[BRIEF]: Go over the records and count each line that has the string "Floor". Give the number and nothing else.

[THE INPUT]:

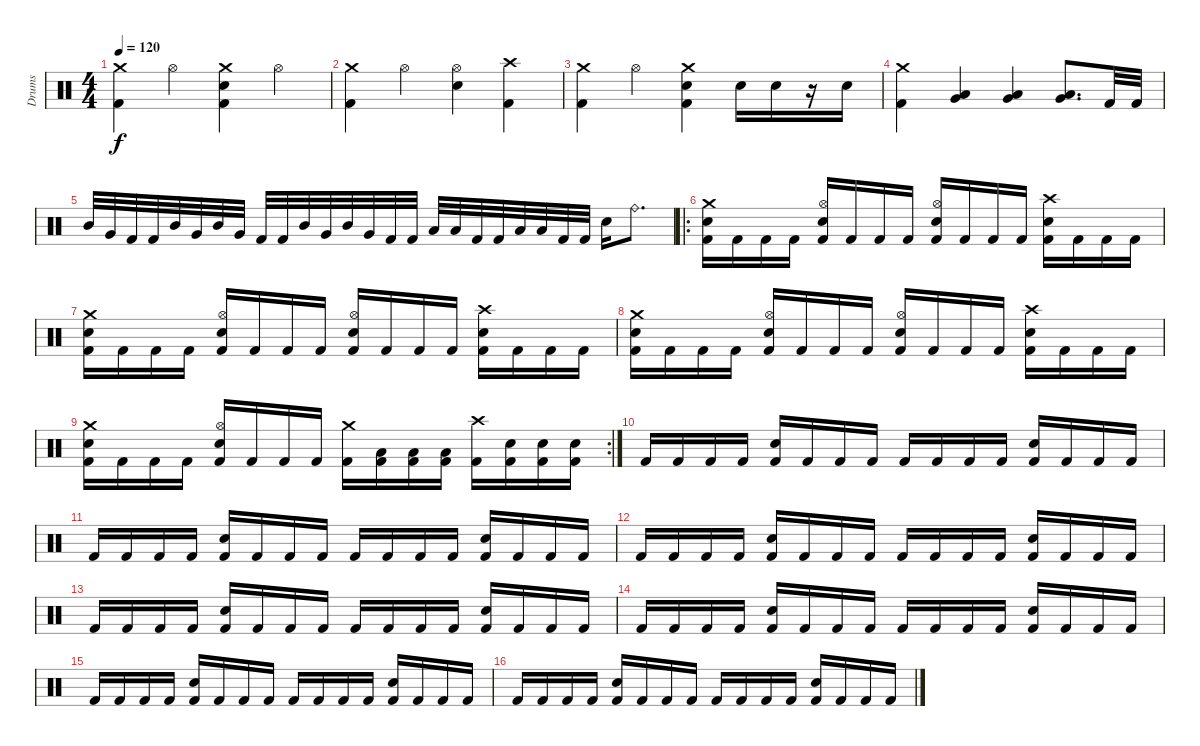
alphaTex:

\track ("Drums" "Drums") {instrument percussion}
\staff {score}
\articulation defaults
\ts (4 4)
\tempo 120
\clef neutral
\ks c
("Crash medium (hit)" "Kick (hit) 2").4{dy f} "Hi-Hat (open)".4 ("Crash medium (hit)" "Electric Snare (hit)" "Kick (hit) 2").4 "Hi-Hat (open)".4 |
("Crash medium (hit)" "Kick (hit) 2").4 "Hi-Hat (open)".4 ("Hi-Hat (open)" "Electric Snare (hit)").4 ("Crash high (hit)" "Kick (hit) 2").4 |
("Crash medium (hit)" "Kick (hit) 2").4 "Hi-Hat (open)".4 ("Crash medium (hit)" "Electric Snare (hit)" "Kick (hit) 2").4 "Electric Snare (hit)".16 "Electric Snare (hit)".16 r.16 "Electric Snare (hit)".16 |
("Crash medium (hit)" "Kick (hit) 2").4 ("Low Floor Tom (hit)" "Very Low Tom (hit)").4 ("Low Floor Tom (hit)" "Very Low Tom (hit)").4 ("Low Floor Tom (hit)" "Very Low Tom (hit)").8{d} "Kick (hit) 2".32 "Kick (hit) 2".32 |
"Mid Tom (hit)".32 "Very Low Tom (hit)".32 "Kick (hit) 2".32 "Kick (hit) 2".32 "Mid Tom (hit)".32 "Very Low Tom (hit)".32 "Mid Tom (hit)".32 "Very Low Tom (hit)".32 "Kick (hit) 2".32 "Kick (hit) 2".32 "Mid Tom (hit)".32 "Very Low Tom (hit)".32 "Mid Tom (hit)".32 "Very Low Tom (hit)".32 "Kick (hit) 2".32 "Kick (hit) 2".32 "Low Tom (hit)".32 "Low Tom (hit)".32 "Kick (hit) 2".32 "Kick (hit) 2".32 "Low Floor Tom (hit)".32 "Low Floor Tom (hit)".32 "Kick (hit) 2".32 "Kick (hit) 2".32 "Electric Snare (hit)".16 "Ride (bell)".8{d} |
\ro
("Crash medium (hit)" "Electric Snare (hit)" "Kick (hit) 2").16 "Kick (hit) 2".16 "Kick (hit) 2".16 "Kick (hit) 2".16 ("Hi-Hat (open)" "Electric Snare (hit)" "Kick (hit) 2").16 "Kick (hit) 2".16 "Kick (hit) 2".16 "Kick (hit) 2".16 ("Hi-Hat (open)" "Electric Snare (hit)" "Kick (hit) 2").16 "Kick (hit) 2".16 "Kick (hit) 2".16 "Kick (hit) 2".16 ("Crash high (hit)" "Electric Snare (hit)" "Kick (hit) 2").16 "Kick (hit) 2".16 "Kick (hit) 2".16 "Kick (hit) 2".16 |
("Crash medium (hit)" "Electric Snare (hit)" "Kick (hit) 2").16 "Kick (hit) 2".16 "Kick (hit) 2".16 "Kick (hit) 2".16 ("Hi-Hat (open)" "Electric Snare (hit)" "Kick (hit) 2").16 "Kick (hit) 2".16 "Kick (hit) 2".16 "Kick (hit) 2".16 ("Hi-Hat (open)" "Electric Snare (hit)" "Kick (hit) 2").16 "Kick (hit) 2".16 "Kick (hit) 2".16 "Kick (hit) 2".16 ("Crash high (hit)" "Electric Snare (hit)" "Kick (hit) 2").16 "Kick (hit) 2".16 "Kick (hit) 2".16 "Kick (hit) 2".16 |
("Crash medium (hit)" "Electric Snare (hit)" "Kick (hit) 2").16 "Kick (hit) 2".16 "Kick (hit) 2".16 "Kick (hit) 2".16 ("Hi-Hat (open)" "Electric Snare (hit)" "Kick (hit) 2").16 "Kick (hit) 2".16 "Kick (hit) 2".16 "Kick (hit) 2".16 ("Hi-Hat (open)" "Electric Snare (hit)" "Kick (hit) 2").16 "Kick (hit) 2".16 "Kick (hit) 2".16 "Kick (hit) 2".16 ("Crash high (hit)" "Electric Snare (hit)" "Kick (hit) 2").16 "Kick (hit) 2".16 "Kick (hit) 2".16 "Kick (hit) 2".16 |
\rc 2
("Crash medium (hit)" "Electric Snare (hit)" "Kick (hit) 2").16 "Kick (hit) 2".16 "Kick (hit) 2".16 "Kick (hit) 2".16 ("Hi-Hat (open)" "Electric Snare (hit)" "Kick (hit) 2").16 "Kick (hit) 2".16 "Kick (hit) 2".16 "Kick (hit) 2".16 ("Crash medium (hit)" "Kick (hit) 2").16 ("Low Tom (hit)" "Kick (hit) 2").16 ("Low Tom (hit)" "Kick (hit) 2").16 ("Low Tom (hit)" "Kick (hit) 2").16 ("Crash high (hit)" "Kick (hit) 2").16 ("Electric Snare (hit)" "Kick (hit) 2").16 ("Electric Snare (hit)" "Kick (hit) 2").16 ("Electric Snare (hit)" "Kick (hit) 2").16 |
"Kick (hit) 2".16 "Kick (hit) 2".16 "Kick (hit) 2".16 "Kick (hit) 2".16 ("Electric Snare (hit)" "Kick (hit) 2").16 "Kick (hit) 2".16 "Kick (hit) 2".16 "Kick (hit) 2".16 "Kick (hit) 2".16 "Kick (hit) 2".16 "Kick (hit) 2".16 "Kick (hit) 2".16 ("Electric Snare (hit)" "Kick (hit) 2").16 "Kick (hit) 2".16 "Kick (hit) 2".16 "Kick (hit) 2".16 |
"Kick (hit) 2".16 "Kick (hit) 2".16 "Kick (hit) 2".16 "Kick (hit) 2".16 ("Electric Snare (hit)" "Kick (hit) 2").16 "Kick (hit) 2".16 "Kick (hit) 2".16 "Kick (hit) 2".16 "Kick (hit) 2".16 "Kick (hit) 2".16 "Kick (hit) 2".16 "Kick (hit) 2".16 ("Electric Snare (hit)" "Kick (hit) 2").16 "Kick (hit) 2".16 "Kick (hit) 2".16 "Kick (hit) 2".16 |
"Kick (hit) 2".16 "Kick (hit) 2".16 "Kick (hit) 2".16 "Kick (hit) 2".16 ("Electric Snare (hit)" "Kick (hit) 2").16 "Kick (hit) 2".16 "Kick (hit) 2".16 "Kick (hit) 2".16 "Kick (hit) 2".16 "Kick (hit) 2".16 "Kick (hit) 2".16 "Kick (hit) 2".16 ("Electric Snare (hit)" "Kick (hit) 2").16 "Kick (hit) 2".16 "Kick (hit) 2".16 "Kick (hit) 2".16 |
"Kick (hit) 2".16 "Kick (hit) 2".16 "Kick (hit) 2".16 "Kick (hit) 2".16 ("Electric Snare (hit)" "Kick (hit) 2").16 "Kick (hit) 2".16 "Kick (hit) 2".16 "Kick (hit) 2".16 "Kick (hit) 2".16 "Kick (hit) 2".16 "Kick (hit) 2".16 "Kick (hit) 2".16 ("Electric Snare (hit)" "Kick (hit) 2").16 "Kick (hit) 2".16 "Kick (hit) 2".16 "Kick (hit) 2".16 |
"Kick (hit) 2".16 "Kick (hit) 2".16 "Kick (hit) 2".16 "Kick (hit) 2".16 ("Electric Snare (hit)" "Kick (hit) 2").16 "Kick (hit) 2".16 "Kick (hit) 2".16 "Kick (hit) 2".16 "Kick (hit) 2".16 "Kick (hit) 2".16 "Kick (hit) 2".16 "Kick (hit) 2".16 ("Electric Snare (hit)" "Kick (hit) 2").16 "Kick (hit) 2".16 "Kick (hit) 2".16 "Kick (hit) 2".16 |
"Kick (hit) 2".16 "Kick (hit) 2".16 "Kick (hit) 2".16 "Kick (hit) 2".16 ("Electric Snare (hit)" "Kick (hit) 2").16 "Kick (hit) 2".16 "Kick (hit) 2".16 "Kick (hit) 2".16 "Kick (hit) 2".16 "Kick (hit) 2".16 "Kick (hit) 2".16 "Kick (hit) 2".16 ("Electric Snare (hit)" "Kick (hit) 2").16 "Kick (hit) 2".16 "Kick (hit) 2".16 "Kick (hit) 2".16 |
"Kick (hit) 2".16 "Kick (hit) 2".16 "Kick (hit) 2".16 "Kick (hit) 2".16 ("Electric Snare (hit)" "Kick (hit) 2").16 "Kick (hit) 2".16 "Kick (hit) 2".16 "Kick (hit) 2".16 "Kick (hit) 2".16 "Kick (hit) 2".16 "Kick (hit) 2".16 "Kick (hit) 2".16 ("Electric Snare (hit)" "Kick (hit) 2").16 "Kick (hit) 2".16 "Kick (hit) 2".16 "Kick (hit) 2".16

[RESULT BELOW]: 2